Figure 3.  (a) Additive colours (Light) (b) Subtractive colours (Pigments)
CMYK MODEL
The RGB colour model that is based on additive mixing of colours is suited for printing purposes. Printing press produces an image by reflective light. This falls into category of colour generation by subtractive process. Refer Fig. 3 for further understanding. The secondary colours that are used in printing are Cyan, Magenta and Yellow. Cyan pigment will absorb red light and reflect all other colours. Likewise magenta will absorb green and yellow will absorb blue. Black colour may be produced by cyan, magenta and yellow.   But it will be muddy-looking black. Carbon black that is used to produce black in printing is cheaper than coloured pigments. These are the two reasons that make four colour model as standard. The colours are cyan, magenta, yellow and black (CMYK) [4].

OTHER MODELS
The RGB and CMYK are the primary colour models used for display and printing. Few other models like YUV, YIQ, CIELAB, CIELUV, HSI, HLS, and HSV color models are used for specific applications. 

YUV MODELS
Television broadcasting carries colour pictures from one place to another and projects the pictures on Television screens. Colour reproduction in screens is performed using additive mixing.
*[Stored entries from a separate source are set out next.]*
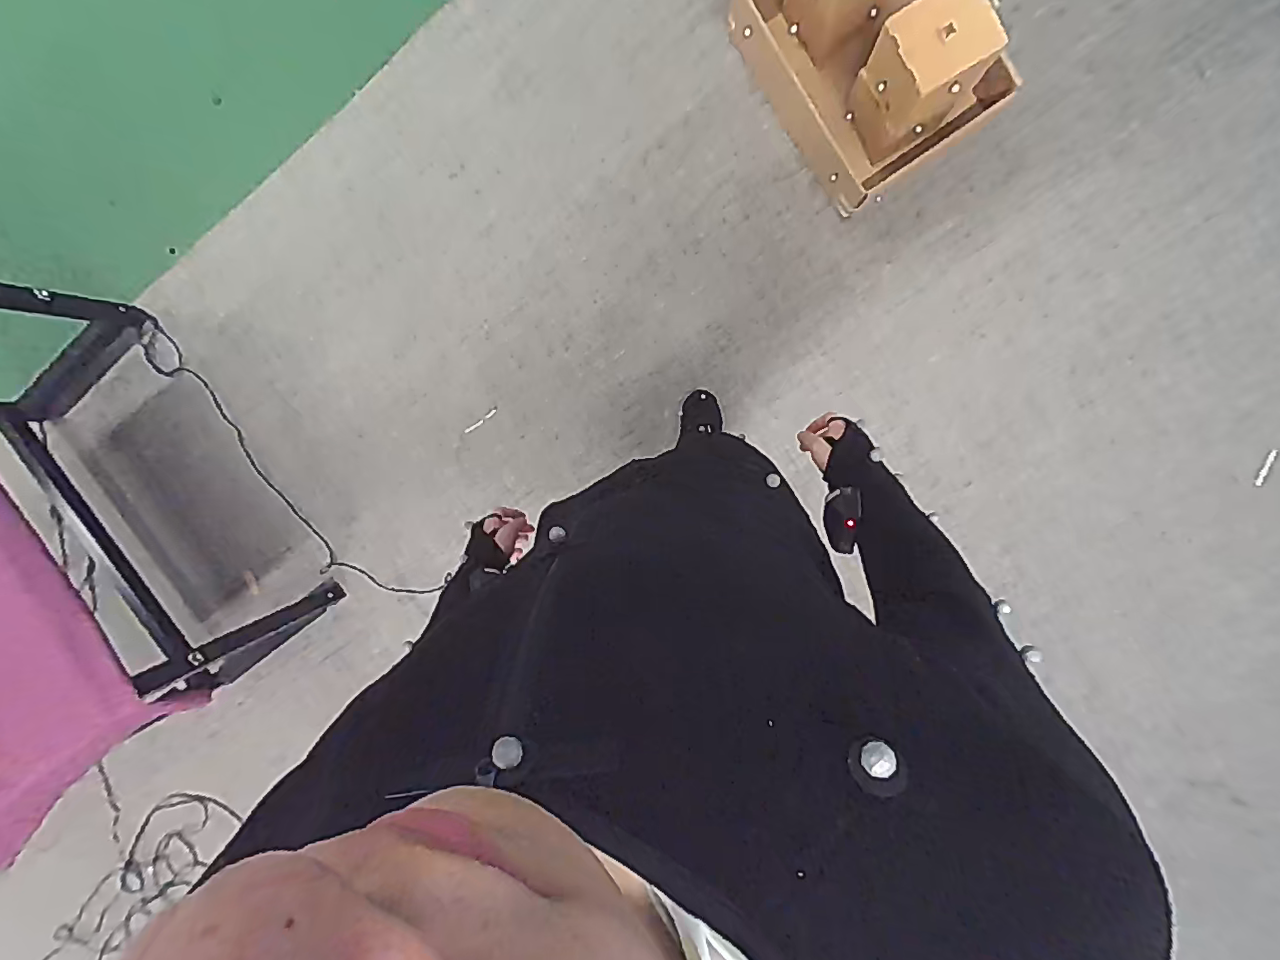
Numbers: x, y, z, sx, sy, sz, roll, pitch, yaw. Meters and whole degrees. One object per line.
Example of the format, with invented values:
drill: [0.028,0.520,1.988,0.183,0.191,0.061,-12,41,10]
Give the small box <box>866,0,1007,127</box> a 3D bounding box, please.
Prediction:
small box: [0.603,-0.890,1.122,0.179,0.176,0.168,-28,94,12]
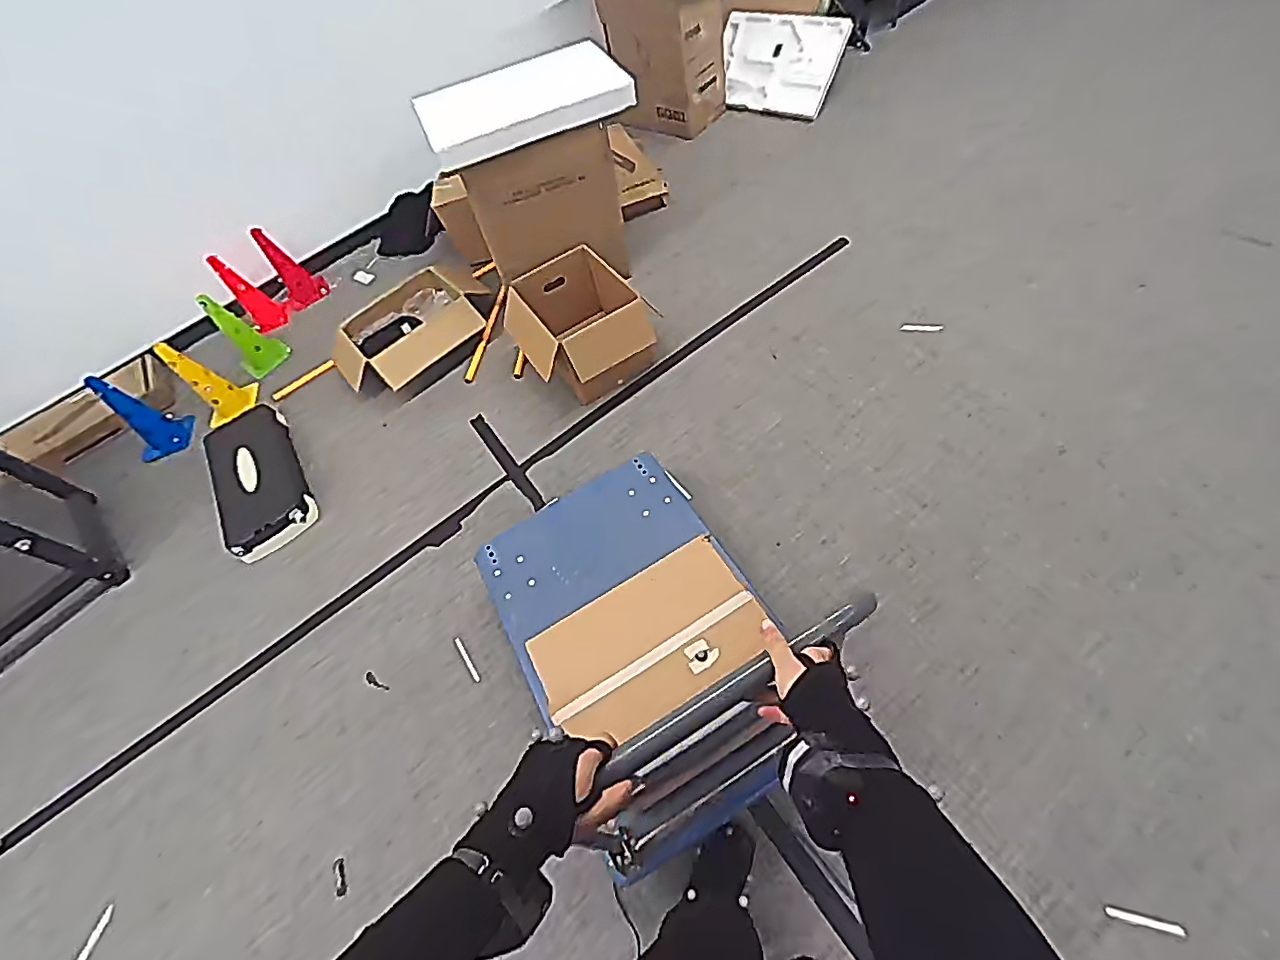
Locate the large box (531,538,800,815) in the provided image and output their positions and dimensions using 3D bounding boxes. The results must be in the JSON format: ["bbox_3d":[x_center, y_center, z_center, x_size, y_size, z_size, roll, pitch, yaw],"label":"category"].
[{"bbox_3d":[0.058,0.399,1.089,0.408,0.320,0.320,-30,56,-9],"label":"large box"}]

Thus obvious choice of colour space should be RGB. But Television and Video systems seldom use the RGB as it is bandwidth inefficient. Next, when colour television broadcast was introduced in way back in 1950s there were lots of B&W TV sets. To cater to monochrome TVs the colour broadcast was made backward compatible. It means old B&W TVs can receive colour TV signals but B&W signals only projected on the screen. Our eye is sensitive to luminance variations than chrominance variations. Thus RGB colours were transformed to YUV colour space. Where Y stand for luminance and U and V contain colour information. Video engineers piggy-backed colour information on the TV composite signal to conserve bandwidth. Thus colour TV signals consumed same bandwidth as monochrome signals (6 to 7 MHz). This was an engineering marvel. The YUV space is used by PAL (Phase Alternation Line, Europe and Asia), NTSC (National Television System Committee, USA), and SECAM (French system) colour TVs [5],[6].
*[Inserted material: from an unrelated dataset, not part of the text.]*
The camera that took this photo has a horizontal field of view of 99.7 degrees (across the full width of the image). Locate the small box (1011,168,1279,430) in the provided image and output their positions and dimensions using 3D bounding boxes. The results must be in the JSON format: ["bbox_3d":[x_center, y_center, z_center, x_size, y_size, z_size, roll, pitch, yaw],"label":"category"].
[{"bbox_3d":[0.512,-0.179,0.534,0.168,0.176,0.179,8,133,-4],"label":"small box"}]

The conversion equations between R'G'B' and YUV is given below 

Y = 0.299R ́ + 0.587G ́ + 0.114B ́

U= – 0.147R ́ – 0.289G ́ + 0.436B ́

V = 0.615R ́ – 0.515G ́ – 0.100B ́

YIQ colour space is a variant of YUV and used in NTSC systems. Here I stand for In-phase and Q stands for quadrature. Digital Video standard ITU-R BT.601 (International Telecommunication Union - Recommendation) uses YCbCr which again a scaled version of YUV. Here Cb and Cr represent chrominance signals. The High Definition Television (HDTV) uses ITU-R BT.709 standard. The primaries used in this colour space closely correspond to the contemporary monitors.

Source
  1.  A Guided Tour of Color Space [Online] http://www.poynton.com/papers/Guided_tour/abstract.html
  2.  Introduction to colour science [Online] http://www.techmind.org/colour/
  3. sRGB: A Standard for Color Management - NEC SpectraView - spectraview.nec.com.au/wpdata/files/40.pdf (PDF, 1.1 MB)
  4. Rafael C. Gonzalez and Richard E.Woods, Digital Image Processing, 2nd edition, Pearson Education.
  5. Keith Jack, Video Demystified: A Handbook for the Digital Engineer 4th edition, Newnes Publishers
  6. Noor A. Ibraheem,  Mokhtar M. Hasan,  Rafiqul Z. Khan,  Pramod K. Mishra, "Understanding Color Models: A Review", ARPN Journal of Science and Technology, vol. 2, no. 3, April 2012, pp.265 -- 275.